DATA RECORDS
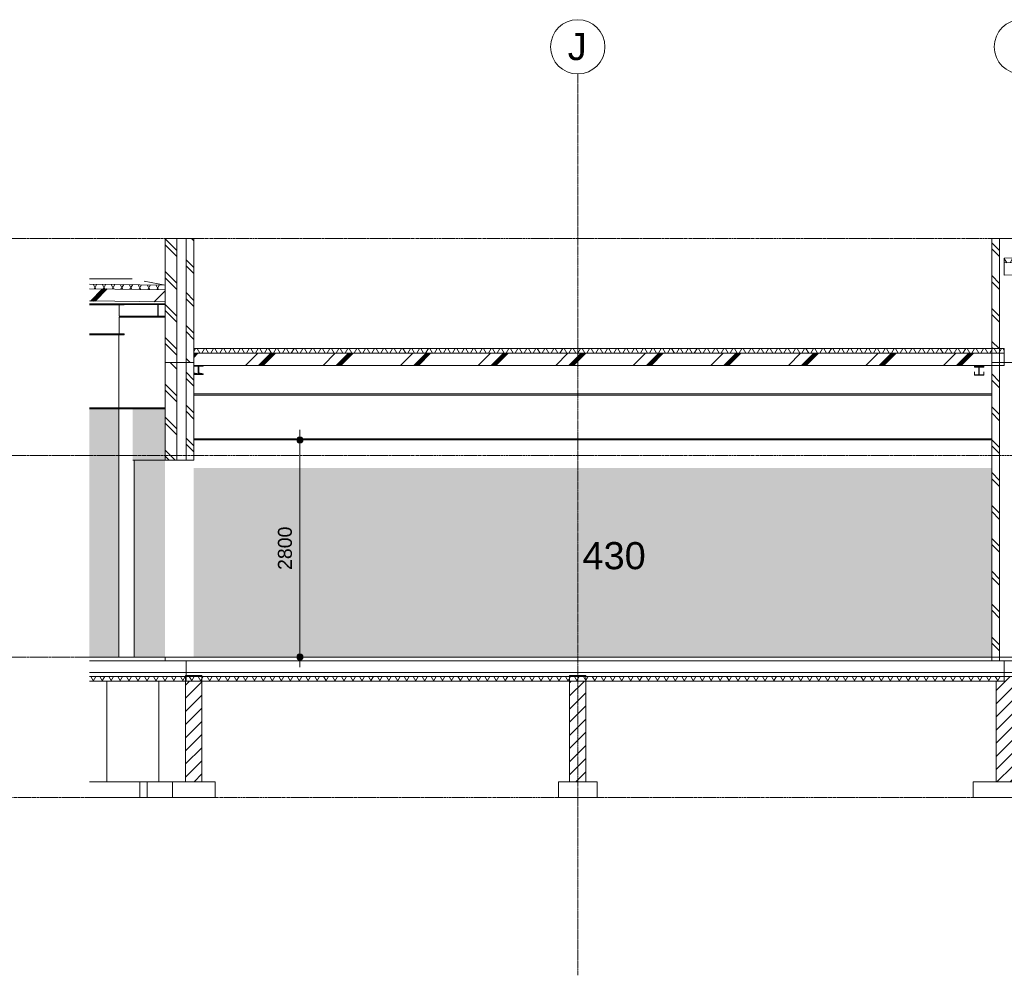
# Model space of a CAD drawing. Header units: millimetres. Extents: x 37681 to 219932, y -4585 to 8657.
# Tile 35 of 53: x 71913 to 84608, y -4105 to 8221. Entities that reach past the tile are written whole.
import ezdxf

# ---------------------------------------------------------------- set-up
doc = ezdxf.new("R2010")
doc.units = ezdxf.units.MM
doc.linetypes.add('ARC Grid Line', pattern=[22.225, 12.7, -3.175, 3.175, -3.175])
doc.linetypes.add('ARC Level Line', pattern=[32, 6, -5, 16, -5])
for name, color, linetype, lineweight in [('A--A23__Vloeren', 8, 'Continuous', 15), ('A--A2__Ruwbouw', 8, 'Continuous', 15), ('A--AR9__AlgVoorz', 1, 'Continuous', 9), ('A--L$01A__Algemeen', 7, 'Continuous', 9), ('A--L$07A__Stramien', 1, 'Continuous', 13), ('A--L21__Buitenwanden', 3, 'Continuous', 9), ('A--L22__Binnenwanden', 2, 'Continuous', 9), ('A--L23__Vloeren', 3, 'Continuous', 9), ('A--L28__Hoofddraagconstructies', 3, 'Continuous', 9), ('A--L45__Plafondafwerkingen', 1, 'Continuous', 9), ('A--LR9__AlgVoorz', 7, 'Continuous', 9), ('A--M$01A__Algemeen', 1, 'Continuous', 13), ('A--M$01A__Algemeen-100', 1, 'Continuous', 13), ('A--T$07A__Stramien', 1, 'Continuous', 13), ('A--TR9__AlgVoorz', 1, 'Continuous', 13)]:
    doc.layers.add(name, color=color, linetype=linetype, lineweight=lineweight)
doc.styles.add('Arial', font='arial.ttf', dxfattribs={"height": 180})
doc.styles.add('Arial_1', font='arial.ttf', dxfattribs={"height": 350})
doc.dimstyles.new('00_ARC_dimension_1_8mm', dxfattribs={"dimscale": 304.8, "dimtxt": 183.646692, "dimasz": 1.049869, "dimexe": 0.426509, "dimexo": 0.0625, "dimgap": 0.164042, "dimtad": 1, "dimdec": 0, "dimzin": 0, "dimdsep": 46, "dimtxsty": 'Arial', "dimblk1": 'DOTSMALL', "dimblk2": 'DOTSMALL', "dimsah": 1, "dimcen": 0.09, "dimdle": 0.426509, "dimadec": 3, "dimazin": 0, "dimtfac": 1, "dimtdec": 4, "dimtix": 1, "dimtmove": 0, "dimatfit": 3, "dimfxl": 0.426509, "dimfxlon": 1, "dimtvp": 1, "dimtolj": 1, "dimtzin": 0, "dimarcsym": 2})
pattern_1 = [(60, (94858.23, 2795), (-86.60254, 50), []), (120, (94858.23, 2795), (-86.60254, -50), [])]
pattern_2 = [(135, (74157.7, 1875), (-212.13, -212.13), []), (135, (71957.7, 1875), (-212.132, -212.132), [])]
pattern_3 = [(45, (94858.23, 2795), (-84.8528, 84.8528), [])]
pattern_4 = [(45, (94858.2, 2795), (-500, 500), []), (45, (95028.2, 2795), (-500, 500), []), (45, (95038.2, 2795), (-500, 500), []), (45, (95048.2, 2795), (-500, 500), []), (45, (95058.2, 2795), (-500, 500), []), (45, (95068.2, 2795), (-500, 500), []), (45, (95078.2, 2795), (-500, 500), []), (45, (95088.2, 2795), (-500, 500), [])]
pattern_5 = [(135, (74157.7, 4600), (-212.13, -212.13), []), (135, (71957.7, 4600), (-212.132, -212.132), [])]

# ---------------------------------------------------------------- blocks, each defined once
blk = doc.blocks.new('28-11_ARC_staal_balk_IPE - IPE400-2062770-B')
at = {"layer": 'A--L28__Hoofddraagconstructies'}
for p, q in [((-86802, 3393), (-76511, 3393)), ((-76511, 3380), (-86802, 3380))]:
    blk.add_line(p, q, dxfattribs=at)
blk = doc.blocks.new('28_SFO_staal_balk_HEA - HEA 120-1725693-B')
at = {"layer": 'A--L28__Hoofddraagconstructies'}
for p, q in [((-76737, 3760), (-76737, 3748)), ((-76617, 3748), (-76737, 3748)), ((-76737, 3748), (-76737, 3740)), ((-76737, 3740), (-76679, 3740)), ((-76679, 3740), (-76679, 3642)), ((-76674, 3642), (-76674, 3740)), ((-76674, 3740), (-76617, 3740)), ((-76617, 3760), (-76617, 3748)), ((-76617, 3740), (-76617, 3748)), ((-76737, 3677), (-76737, 3642)), ((-76679, 3642), (-76737, 3642)), ((-76737, 3642), (-76737, 3634)), ((-76737, 3634), (-76617, 3634)), ((-76617, 3642), (-76674, 3642)), ((-76617, 3677), (-76617, 3642)), ((-76617, 3634), (-76617, 3642))]:
    blk.add_line(p, q, dxfattribs=at)
blk = doc.blocks.new('28_SFO_staal_balk_HEA - HEA 120-1746680-B')
at = {"layer": 'A--L28__Hoofddraagconstructies'}
for p, q in [((-86802, 3759), (-86802, 3751)), ((-86681, 3759), (-86802, 3759)), ((-86802, 3751), (-86744, 3751)), ((-86744, 3751), (-86744, 3653)), ((-86739, 3653), (-86739, 3751)), ((-86739, 3751), (-86681, 3751)), ((-86681, 3759), (-86688, 3760)), ((-86681, 3751), (-86681, 3759)), ((-86744, 3653), (-86802, 3666)), ((-86744, 3653), (-86802, 3653)), ((-86802, 3653), (-86802, 3645)), ((-86802, 3645), (-86681, 3645)), ((-86681, 3653), (-86739, 3665)), ((-86681, 3653), (-86739, 3653)), ((-86681, 3645), (-86681, 3653))]:
    blk.add_line(p, q, dxfattribs=at)
blk = doc.blocks.new('28-11_ARC_staal_balk_IPE - IPE400-1733179-B')
at = {"layer": 'A--L28__Hoofddraagconstructies'}
for p, q in [((-87758, 4557), (-88147, 4557)), ((-87701, 4543), (-88147, 4543)), ((-87766, 4543), (-87766, 4396)), ((-87701, 4547), (-87701, 4543)), ((-87766, 4386), (-87766, 4170)), ((-88147, 4170), (-87701, 4170)), ((-87701, 4157), (-88147, 4157)), ((-87701, 4170), (-87701, 4157))]:
    blk.add_line(p, q, dxfattribs=at)
blk = doc.blocks.new('28_SFO_staal_balk_HEA - HEA 180-1734260-B')
at = {"layer": 'A--L28__Hoofddraagconstructies'}
h = blk.add_hatch(dxfattribs=at)
h.set_pattern_fill('FP_15', color=256, style=0, pattern_type=2)
h.set_pattern_definition([(45, (-66101.2, 2795), (-500, 500), []), (45, (-65931.2, 2795), (-500, 500), []), (45, (-65921.2, 2795), (-500, 500), []), (45, (-65911.2, 2795), (-500, 500), []), (45, (-65901.2, 2795), (-500, 500), []), (45, (-65891.2, 2795), (-500, 500), []), (45, (-65881.2, 2795), (-500, 500), []), (45, (-65871.2, 2795), (-500, 500), [])])
h.paths.add_polyline_path([(-87172, 4386), (-87172, 4395), (-87260, 4396), (-87260, 4547), (-87172, 4547), (-87172, 4557), (-87353, 4557), (-87353, 4547), (-87266, 4547), (-87266, 4395), (-87353, 4395), (-87353, 4386), (-87266, 4386)])
for p, q in [((-87353, 4557), (-87758, 4557)), ((-87758, 4547), (-87353, 4547)), ((-87353, 4557), (-87353, 4547)), ((-87172, 4557), (-87353, 4557)), ((-87353, 4547), (-87266, 4547)), ((-87266, 4547), (-87266, 4395)), ((-87260, 4395), (-87260, 4547)), ((-87260, 4547), (-87172, 4547)), ((-87172, 4547), (-87172, 4557)), ((-87353, 4395), (-87766, 4395)), ((-87353, 4386), (-87766, 4386)), ((-87266, 4395), (-87353, 4395)), ((-87353, 4395), (-87353, 4386)), ((-87353, 4386), (-87172, 4386)), ((-87172, 4395), (-87260, 4395)), ((-87172, 4386), (-87172, 4395))]:
    blk.add_line(p, q, dxfattribs=at)
blk = doc.blocks.new('Grid - 3_5mm-18301-B')
at = {"layer": 'A--T$07A__Stramien'}
blk.add_circle((-44060, 7871), 350, dxfattribs=at)
blk = doc.blocks.new('DIMBLOCK5-B')
at = {"layer": 'A--M$01A__Algemeen-100'}
h = blk.add_hatch(color=256, dxfattribs=at)
edge = h.paths.add_edge_path()
edge.add_arc((75525, 2800), 40, 0, 360)
h = blk.add_hatch(color=256, dxfattribs=at)
edge = h.paths.add_edge_path()
edge.add_arc((75525, 0), 40, 0, 360)
for p, q in [((75525, 2930), (75525, -130)), ((75525, 2800), (75395, 2800)), ((75525, 2800), (75655, 2800)), ((75525, 0), (75395, 0)), ((75525, 0), (75655, 0))]:
    blk.add_line(p, q, dxfattribs=at)
for centre in [(75525, 2800), (75525, 0)]:
    blk.add_circle(centre, 40, dxfattribs=at)
at = {"layer": 'A--M$01A__Algemeen-100', "color": 0, "insert": (75242, 1123), "char_height": 180, "width": 664.52, "attachment_point": 1, "rotation": 90, "line_spacing_factor": 0.941778, "style": 'Arial'}
blk.add_mtext('2800', dxfattribs=at)
blk = doc.blocks.new('_DotSmall')
at = {"color": 0, "linetype": 'ByBlock', "const_width": 0.5}
blk.add_lwpolyline([(-0.0625, 0, 1), (0.0625, 0, 1)], format="xyb", close=True, dxfattribs=at)

msp = doc.modelspace()

# ---------------------------------------------------------------- hatches: boundary and pattern name
at = {"layer": 'A--A23__Vloeren', "lineweight": 9}
h = msp.add_hatch(dxfattribs=at)
h.set_pattern_fill('FP_17', color=256, angle=240, style=0, pattern_type=2)
h.set_pattern_definition([(60.83, (94858.23, 2795), (-87.3177, 48.7403), []), (120.83, (94858.23, 2795), (-85.8692, -51.2493), [])])
h.paths.add_polyline_path([(84608, 5085.7), (101814, 5335), (101814, 5395), (84608, 5145.7)])
h = msp.add_hatch(dxfattribs=at)
h.set_pattern_fill('FP_15', color=256, style=0, pattern_type=2)
h.set_pattern_definition(pattern_4)
h.paths.add_polyline_path([(84608, 4927.7), (101814, 5177), (101814, 5330.2), (101763.9, 5332.8), (101777.5, 5333.4), (101753.3, 5334.1), (84608, 5085.7)])
h.paths.add_polyline_path([(101791.1, 5334), (101814, 5335), (101768.5, 5334.3)])
h = msp.add_hatch(dxfattribs=at)
h.set_pattern_fill('FP_18', color=256, angle=-120, style=0, pattern_type=2)
h.set_pattern_definition([(59.283, (94858.23, 2795), (-85.97008, 51.0798), []), (119.283, (94858.23, 2795), (-87.22144, -48.91237), [])])
h.paths.add_polyline_path([(73786.9, 4738.5), (73786.9, 4798.5), (72812.1, 4810.7), (72812.1, 4750.7), (73537.9, 4741.6)])
h = msp.add_hatch(dxfattribs=at)
h.set_pattern_fill('FP_15', color=256, style=0, pattern_type=2)
h.set_pattern_definition(pattern_4)
h.paths.add_polyline_path([(73786.9, 4580.5), (73786.9, 4738.5), (72812.1, 4750.7), (72812.1, 4592.6), (73519.6, 4583.8)])
h = msp.add_hatch(dxfattribs=at)
h.set_pattern_fill('FP_10', color=256, angle=240, style=0, pattern_type=2)
h.set_pattern_definition(pattern_1)
h.paths.add_polyline_path([(84132.2, 3918.3), (84608, 3918.3), (84608, 3978.3), (74157.7, 3978.3), (74157.7, 3918.3), (79552.7, 3918.3)])
h = msp.add_hatch(dxfattribs=at)
h.set_pattern_fill('FP_15', color=256, style=0, pattern_type=2)
h.set_pattern_definition(pattern_4)
h.paths.add_polyline_path([(84608, 3760.3), (84608, 3918.3), (74157.7, 3918.3), (74157.7, 3760.3), (84132.2, 3760.3)])
h = msp.add_hatch(dxfattribs=at)
h.set_pattern_fill('FP_10', color=256, angle=240, style=0, pattern_type=2)
h.set_pattern_definition(pattern_1)
h.paths.add_polyline_path([(74057.5, -310), (74057.5, -250), (72812.1, -250), (72812.1, -310)])
h = msp.add_hatch(dxfattribs=at)
h.set_pattern_fill('FP_10', color=256, angle=240, style=0, pattern_type=2)
h.set_pattern_definition(pattern_1)
h.paths.add_polyline_path([(74057.5, -310), (79108, -310), (79108, -250), (74057.5, -250)])
h = msp.add_hatch(dxfattribs=at)
h.set_pattern_fill('FP_10', color=256, angle=240, style=0, pattern_type=2)
h.set_pattern_definition(pattern_1)
h.paths.add_polyline_path([(79108, -310), (84608, -310), (84608, -250), (79108, -250)])
at = {"layer": 'A--A2__Ruwbouw', "lineweight": 9}
h = msp.add_hatch(dxfattribs=at)
h.set_pattern_fill('FP_19', color=256, angle=225, style=0, pattern_type=2)
h.set_pattern_definition(pattern_5)
h.paths.add_polyline_path([(73937.2, 3800), (73937.2, 5400), (73786.9, 5400), (73786.9, 3800), (73873.4, 3800)])
h = msp.add_hatch(dxfattribs=at)
h.set_pattern_fill('FP_19', color=256, angle=225, style=0, pattern_type=2)
h.set_pattern_definition(pattern_5)
h.paths.add_polyline_path([(74057.5, 3800), (74157.7, 3800), (74157.7, 5400), (74057.5, 5400), (74057.5, 3856.5)])
h = msp.add_hatch(dxfattribs=at)
h.set_pattern_fill('FP_21', color=256, angle=225, style=0, pattern_type=2)
h.set_pattern_definition([(135, (84767.97, 4600), (-212.13, -212.13), []), (135, (82567.97, 4600), (-212.13, -212.13), [])])
h.paths.add_polyline_path([(84448, 3978.3), (84548, 3978.3), (84548, 5400), (84448, 5400), (84448, 4103)])
h = msp.add_hatch(dxfattribs=at)
h.set_pattern_fill('FP_14', color=256, angle=225, style=0, pattern_type=2)
h.set_pattern_definition(pattern_2)
h.paths.add_polyline_path([(73786.9, 2540), (73937.2, 2540), (73937.2, 3800), (73786.9, 3800), (73786.9, 2761.7)])
h = msp.add_hatch(dxfattribs=at)
h.set_pattern_fill('FP_14', color=256, angle=225, style=0, pattern_type=2)
h.set_pattern_definition(pattern_2)
h.paths.add_polyline_path([(74157.7, 2540), (74157.7, 3800), (74057.5, 3799.7), (74057.5, 2540)])
h = msp.add_hatch(dxfattribs=at)
h.set_pattern_fill('FP_12', color=256, angle=-135, style=0, pattern_type=2)
h.set_pattern_definition([(315, (84447.97, 1875), (212.13, 212.13), []), (315, (86647.97, 1875), (212.132, 212.132), [])])
h.paths.add_polyline_path([(84548, -50), (84548, 3760.3), (84448, 3760.3), (84448, -50)])
h = msp.add_hatch(dxfattribs=at)
h.set_pattern_fill('FP_11', color=256, angle=225, style=0, pattern_type=2)
h.set_pattern_definition(pattern_3)
h.paths.add_polyline_path([(74262.9, -1610), (74262.9, -310), (74052.5, -310), (74052.5, -1610), (74057.5, -1610)])
h.paths.add_polyline_path([(74057.5, -250), (74262.9, -250), (74262.9, -240), (74057.5, -240)])
h = msp.add_hatch(dxfattribs=at)
h.set_pattern_fill('FP_11', color=256, angle=225, style=0, pattern_type=2)
h.set_pattern_definition(pattern_3)
h.paths.add_polyline_path([(79003, -1610), (79213, -1610), (79213, -310), (79003, -310)])
h.paths.add_polyline_path([(79108, -250), (79213, -250), (79213, -240), (79003, -240), (79003, -250)])
h = msp.add_hatch(dxfattribs=at)
h.set_pattern_fill('FP_11', color=256, angle=225, style=0, pattern_type=2)
h.set_pattern_definition([(45, (94858.23, 2795), (-84.8528, 84.8528), [])])
h.paths.add_polyline_path([(84713, -1610), (84713, -250), (84608, -250.9), (84608, -310), (84503, -310), (84503, -1610), (84608, -1610)])
at = {"layer": 'A--AR9__AlgVoorz'}
h = msp.add_hatch(color=7, dxfattribs=at)
h.paths.add_polyline_path([(72812.1, 0), (73192.3, 0), (73192.3, 3200), (72812.1, 3200), (72812.1, 160.9)])
h.paths.add_polyline_path([(73786.9, 0), (73786.9, 3200), (73370.3, 3200), (73370.3, 2540), (73389.2, 2540), (73389.2, 0)])
msp.add_hatch(color=7, dxfattribs=at).paths.add_polyline_path([(84448, 0), (84448, 2438.4), (74157.7, 2438.4), (74157.7, 0), (84132.2, 0)])

# ---------------------------------------------------------------- linework, layer by layer
at = {"layer": 'A--L$01A__Algemeen', "linetype": 'ARC Level Line', "lineweight": 13}
for p, q in [((69438.5, 5400), (120651.8, 5400)), ((69438.5, 2600), (120651.8, 2600)), ((69438.5, 0), (120651.8, 0)), ((120837.4, -1810), (69438.5, -1810))]:
    msp.add_line(p, q, dxfattribs=at)
at = {"layer": 'A--L$07A__Stramien', "linetype": 'ARC Grid Line'}
msp.add_line((79108, -4105.4), (79108, 7521.1), dxfattribs=at)
at = {"layer": 'A--L21__Buitenwanden', "lineweight": 15}
for p, q in [((74157.7, 5400), (73786.9, 5400)), ((73786.9, 5400), (73786.9, 3800)), ((73937.2, 5400), (73937.2, 3800)), ((74057.5, 5400), (74057.5, 3800)), ((74157.7, 3978.3), (74157.7, 5400)), ((84448, 5400), (84448, 3978.3)), ((84768, 5400), (84448, 5400)), ((84548, 5400), (84548, 3978.3)), ((74157.7, 3800), (74157.7, 3978.3)), ((84448, 3978.3), (84448, 3800)), ((84548, 3978.3), (84548, 3800))]:
    msp.add_line(p, q, dxfattribs=at)
at = {"layer": 'A--L22__Binnenwanden', "lineweight": 15}
for p, q in [((74157.7, 3800), (73786.9, 3800)), ((73786.9, 3800), (73786.9, 2540)), ((73937.2, 3800), (73937.2, 2540)), ((74057.5, 3800), (74057.5, 2540)), ((74157.7, 3759), (74157.7, 3760.3)), ((74157.7, 3652.9), (74157.7, 3759)), ((84768, 3800), (84448, 3800)), ((84448, 3800), (84448, 0)), ((84548, -50), (84548, 3800)), ((74157.7, 2540), (74157.7, 3652.9)), ((73786.9, 2540), (74157.7, 2540)), ((84448, -50), (84768, -50)), ((74057.5, -240), (74052.5, -240)), ((74052.5, -240), (74052.5, -1610)), ((74262.9, -240), (74057.5, -240)), ((74262.9, -1610), (74262.9, -240)), ((79213, -240), (79003, -240)), ((79003, -240), (79003, -1610)), ((79213, -1610), (79213, -240)), ((84608, -250), (84713, -250)), ((84503, -310), (84503, -1610)), ((84608, -310), (84503, -310)), ((74052.5, -1610), (73882.1, -1610)), ((73882.1, -1610), (73882.1, -1810)), ((74052.5, -1610), (74433.2, -1610)), ((74433.2, -1810), (74433.2, -1610)), ((79358, -1610), (78858, -1610)), ((78858, -1610), (78858, -1810)), ((79358, -1810), (79358, -1610)), ((85008, -1610), (84208, -1610)), ((84208, -1610), (84208, -1810)), ((73882.1, -1810), (74433.2, -1810)), ((78858, -1810), (79358, -1810)), ((84208, -1810), (85008, -1810))]:
    msp.add_line(p, q, dxfattribs=at)
at = {"layer": 'A--L22__Binnenwanden'}
for p, q in [((73370.3, 2540), (73786.9, 2540)), ((73037, -310), (73037, -1610)), ((73704.7, -1610), (73704.7, -310)), ((72812.1, -1610), (73882.1, -1610)), ((73461.2, -1610), (73461.2, -1810)), ((73554.2, -1810), (73554.2, -1610)), ((73882.1, -1810), (72812.1, -1810))]:
    msp.add_line(p, q, dxfattribs=at)
at = {"layer": 'A--L23__Vloeren', "lineweight": 15}
for p, q in [((101814, 5395), (84608, 5145.7)), ((101814, 5335), (84608, 5085.7)), ((84608, 5145.7), (84608, 4927.7)), ((84608, 4927.7), (96318, 5097.4)), ((73786.9, 4798.5), (72812.1, 4810.7)), ((73786.9, 4738.5), (72812.1, 4750.7)), ((72812.1, 4592.6), (73786.9, 4580.5)), ((84608, 3978.3), (74157.7, 3978.3)), ((84608, 3760.3), (84608, 3978.3)), ((84608, 3918.3), (74157.7, 3918.3)), ((74157.7, 3800), (74157.7, 3760.3)), ((74157.7, 3760.3), (84608, 3760.3)), ((73786.9, 0), (72812.1, 0)), ((73786.9, -50), (73786.9, 0)), ((84448, 0), (73786.9, 0)), ((84448, -50), (84448, 0)), ((72812.1, -50), (73786.9, -50)), ((73786.9, -50), (74057.5, -50)), ((74057.5, -50), (74057.5, -310)), ((74057.5, -50), (84448, -50)), ((84608, -50), (84608, -310)), ((74057.5, -200), (72812.1, -200)), ((74052.5, -250), (72812.1, -250)), ((74057.5, -250), (74052.5, -250)), ((88050.9, -200), (74057.5, -200)), ((84608, -250), (74057.5, -250)), ((72812.1, -310), (74052.5, -310)), ((74052.5, -310), (74057.5, -310)), ((74057.5, -310), (84503, -310))]:
    msp.add_line(p, q, dxfattribs=at)
at = {"layer": 'A--L23__Vloeren'}
for p, q in [((73361.4, 4877.4), (72812.1, 4877.3)), ((73786.9, 4798.5), (73519.6, 4848))]:
    msp.add_line(p, q, dxfattribs=at)
at = {"layer": 'A--L28__Hoofddraagconstructies'}
for p, q in [((73190.7, 4157), (73190.7, 3215)), ((73190.7, 3200), (73190.7, 0)), ((73390.7, 0), (73390.7, 2540))]:
    msp.add_line(p, q, dxfattribs=at)
at = {"layer": 'A--L45__Plafondafwerkingen', "lineweight": 15}
for p, q in [((73786.9, 3215), (72812.1, 3215)), ((72812.1, 3200), (73786.9, 3200)), ((84448, 2815), (74157.7, 2815)), ((74157.7, 2800), (84448, 2800))]:
    msp.add_line(p, q, dxfattribs=at)
at = {"layer": 'A--LR9__AlgVoorz'}
for p, q in [((84492, 0), (72812.9, 0)), ((72812.9, 0), (73160.9, 0)), ((73614, 0), (72812.9, 0)), ((72812.9, 0), (72936, 0)), ((72949.3, 0), (72812.9, 0)), ((72812.9, 0), (73513.9, 0)), ((73084.5, 0), (72812.9, 0)), ((72812.9, 0), (73065.6, 0)), ((72916.1, 0), (72812.9, 0)), ((72812.9, 0), (76048.3, 0)), ((72997.7, 0), (72916.1, 0)), ((72936, 0), (72949.3, 0)), ((73004.6, 0), (72997.7, 0)), ((73065.6, 0), (73004.6, 0)), ((74165.6, 0), (73084.5, 0)), ((73160.9, 0), (73357.2, 0)), ((73357.2, 0), (73373.9, 0)), ((73373.9, 0), (74527.8, 0)), ((73513.9, 0), (74165.6, 0)), ((74179, 0), (73614, 0)), ((74894.8, 0), (74179, 0)), ((74527.8, 0), (84448, 0)), ((76048.3, 0), (74894.8, 0)), ((80292.5, 0), (78392.6, 0)), ((78392.6, 0), (78458, 0)), ((78458, 0), (80283, 0)), ((80283, 0), (81668, 0)), ((81713.1, 0), (80292.5, 0)), ((81668, 0), (84448, 0)), ((84448, 0), (81713.1, 0)), ((84448, 0), (84608, 0)), ((85593, 0), (84492, 0))]:
    msp.add_line(p, q, dxfattribs=at)

# ---------------------------------------------------------------- block references
at = {"layer": 'A--L28__Hoofddraagconstructies'}
for name in ['28-11_ARC_staal_balk_IPE - IPE400-1733179-B', '28_SFO_staal_balk_HEA - HEA 180-1734260-B', '28_SFO_staal_balk_HEA - HEA 120-1746680-B', '28_SFO_staal_balk_HEA - HEA 120-1725693-B', '28-11_ARC_staal_balk_IPE - IPE400-2062770-B']:
    msp.add_blockref(name, (160959.4, 0), dxfattribs=at)
at = {"layer": 'A--T$07A__Stramien'}
for p in [(123168.4, 0), (128888.4, 0)]:
    msp.add_blockref('Grid - 3_5mm-18301-B', p, dxfattribs=at)

# ---------------------------------------------------------------- texts
at = {"layer": 'A--T$07A__Stramien', "insert": (78978.8, 8049.9), "char_height": 350, "width": 304.641, "attachment_point": 1, "style": 'Arial_1'}
msp.add_mtext('J', dxfattribs=at)
at = {"layer": 'A--TR9__AlgVoorz', "insert": (79169, 1482.8), "char_height": 350, "width": 1010.126, "attachment_point": 1, "style": 'Arial_1'}
msp.add_mtext('430', dxfattribs=at)

# ---------------------------------------------------------------- dimensions: what is measured, and where the dimension line sits
at = {"layer": 'A--M$01A__Algemeen'}
dim = msp.add_linear_dim(base=(75525.2, 0), p1=(75655.2, 2800), p2=(75655.2, 0), angle=90, dimstyle='00_ARC_dimension_1_8mm', override={"dimpost": '<>', "dimfxl": 2800}, dxfattribs=at)
dim.commit()
dim.dimension.update_dxf_attribs({"geometry": 'DIMBLOCK5-B', "text_midpoint": (75383.3, 1400)})

doc.saveas('drawing.dxf')

WORK INSTRUCTION
Determine how many lines of the records hold the word "dimfxl", giving only that number.

RESULT
2